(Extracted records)
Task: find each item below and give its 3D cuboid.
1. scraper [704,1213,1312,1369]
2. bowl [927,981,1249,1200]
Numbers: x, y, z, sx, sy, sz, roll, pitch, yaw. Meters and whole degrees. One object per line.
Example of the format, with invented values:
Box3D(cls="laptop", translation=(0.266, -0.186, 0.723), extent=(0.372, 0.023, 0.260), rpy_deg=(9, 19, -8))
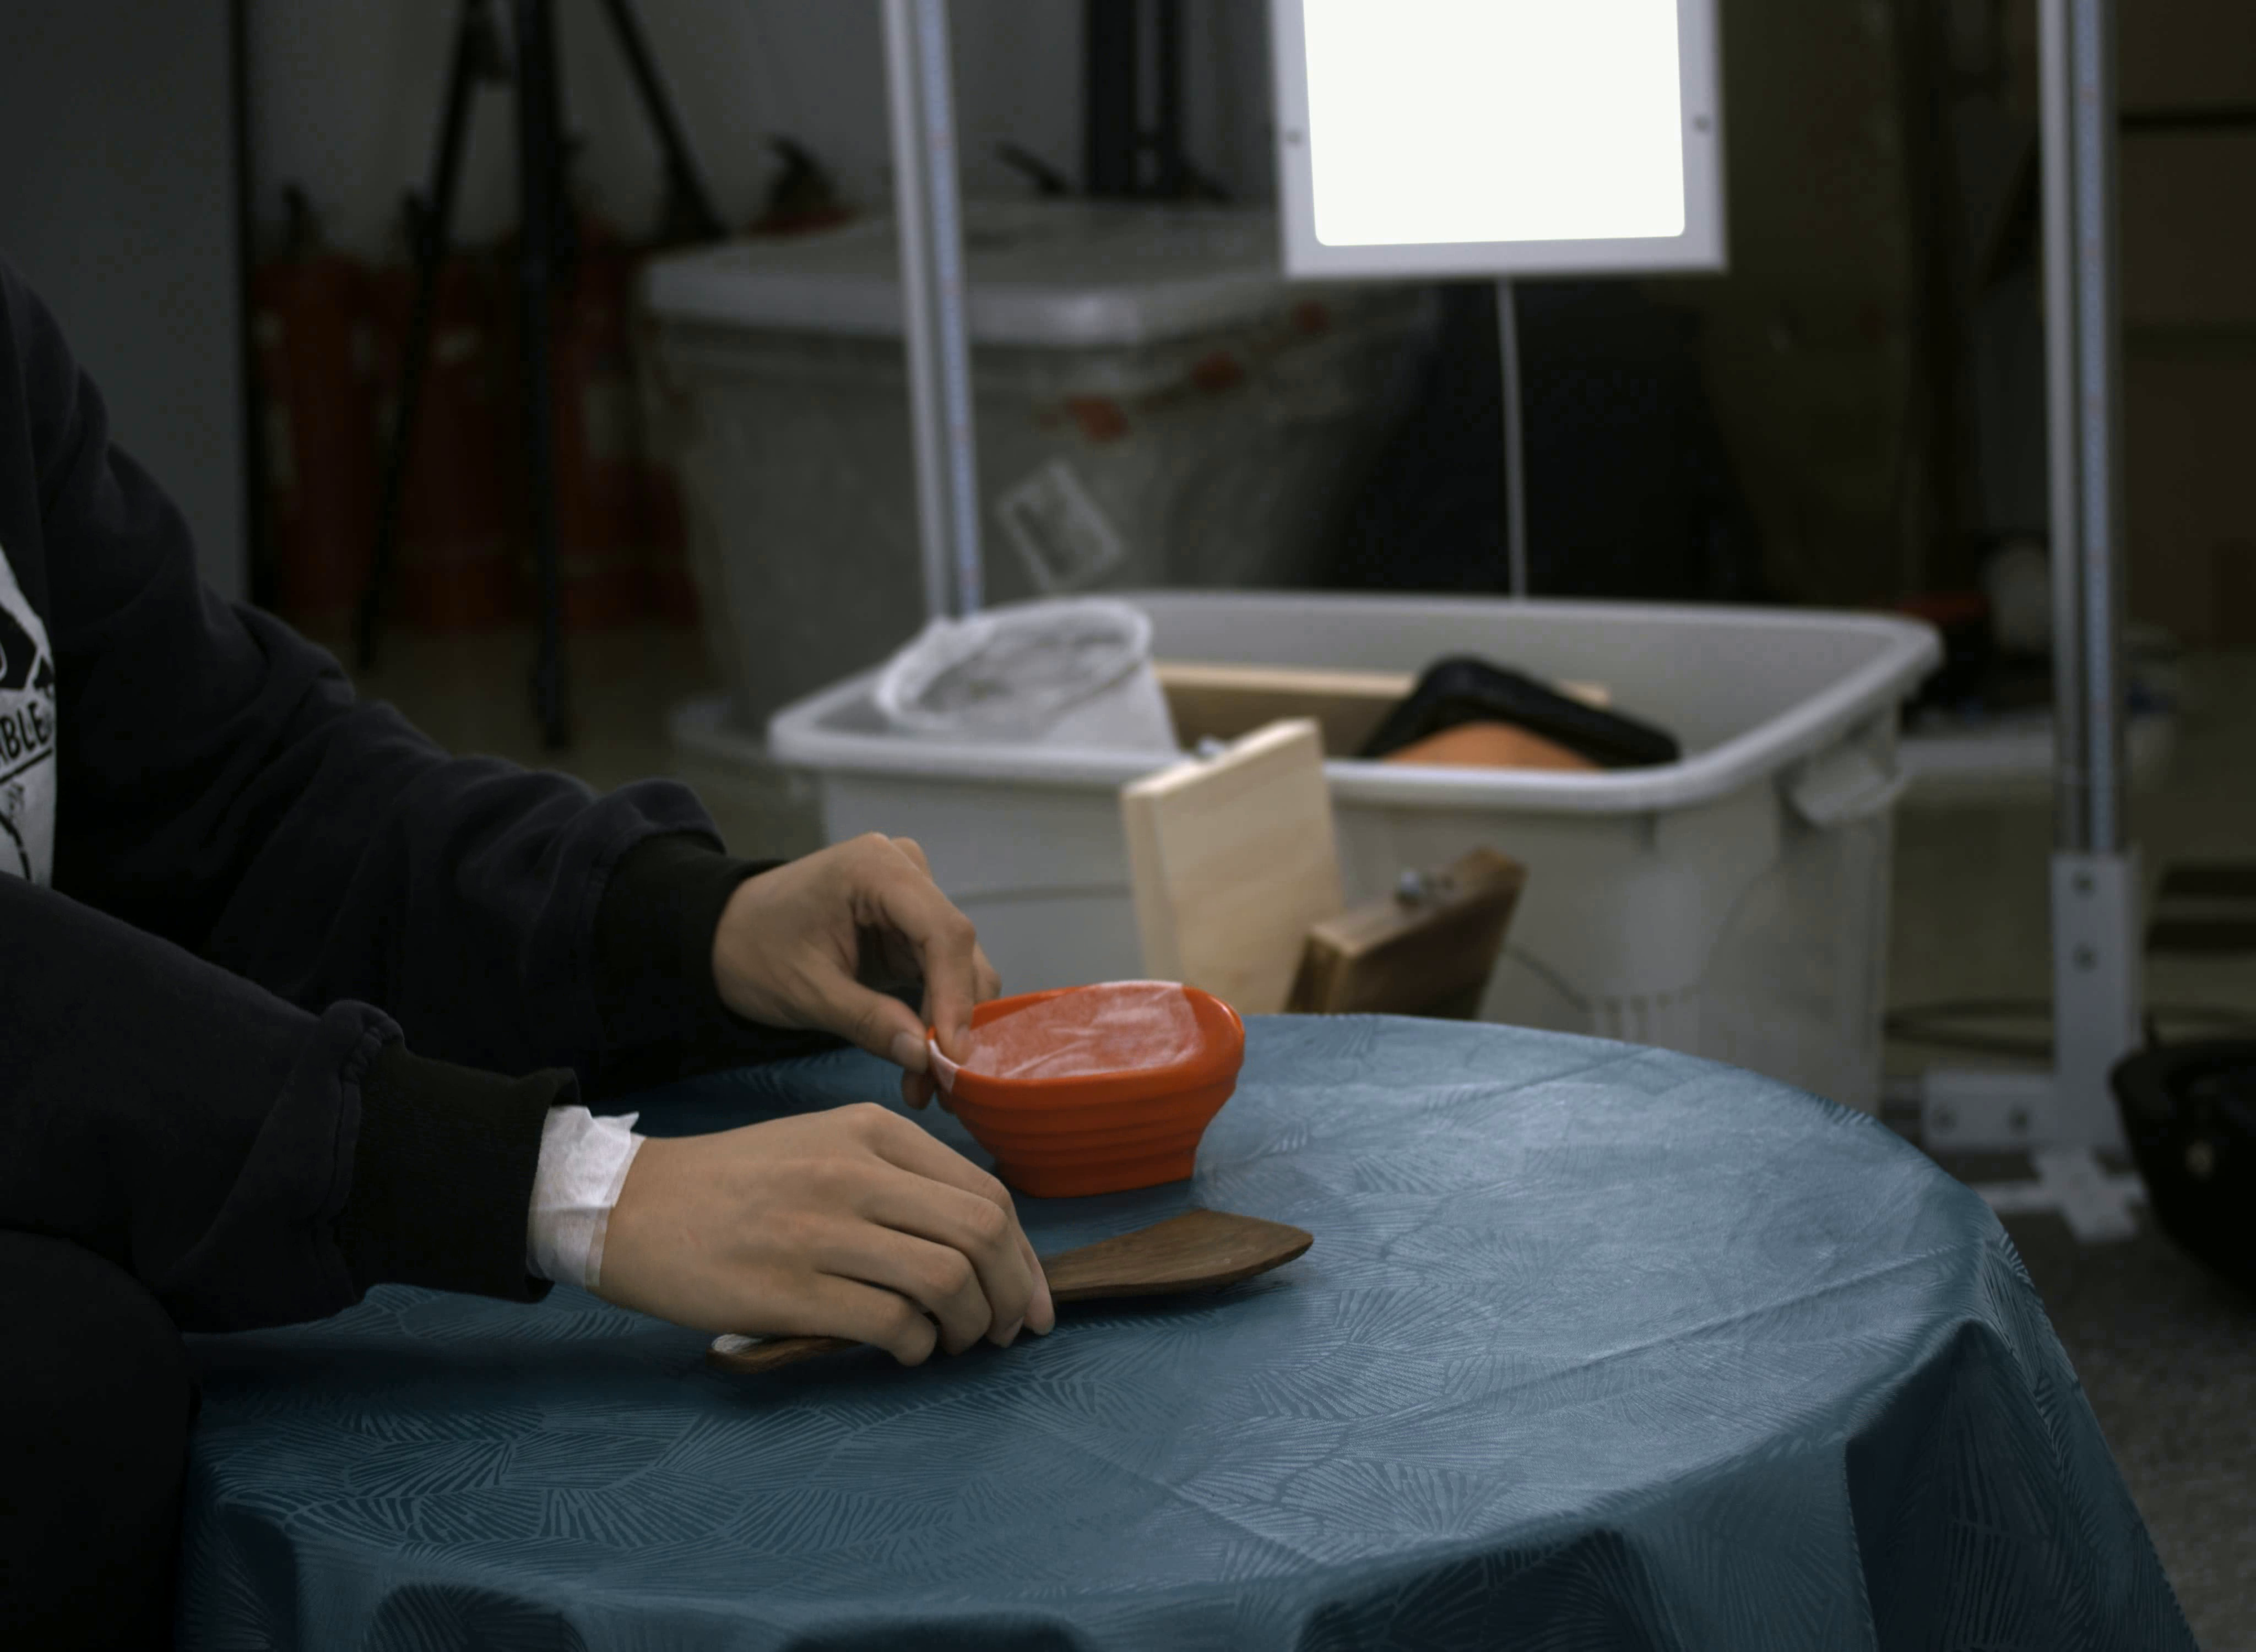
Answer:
Box3D(cls="scraper", translation=(-0.041, 0.151, 1.767), extent=(0.206, 0.011, 0.077), rpy_deg=(-10, 9, -31))
Box3D(cls="bowl", translation=(-0.013, 0.095, 1.924), extent=(0.118, 0.051, 0.119), rpy_deg=(-3, 16, -1))

Activity: Without any of its images, the data above should be returned exactly.

Response:
Task: find each item below and give its 3D cuboid.
1. scraper [704,1213,1312,1369]
2. bowl [927,981,1249,1200]
Numbers: x, y, z, sx, sy, sz, roll, pitch, yaw. Meters and whole degrees. One object per line.
Example of the format, with invented values:
Box3D(cls="laptop", translation=(0.266, -0.186, 0.723), extent=(0.372, 0.023, 0.260), rpy_deg=(9, 19, -8))
Answer:
Box3D(cls="scraper", translation=(-0.041, 0.151, 1.767), extent=(0.206, 0.011, 0.077), rpy_deg=(-10, 9, -31))
Box3D(cls="bowl", translation=(-0.013, 0.095, 1.924), extent=(0.118, 0.051, 0.119), rpy_deg=(-3, 16, -1))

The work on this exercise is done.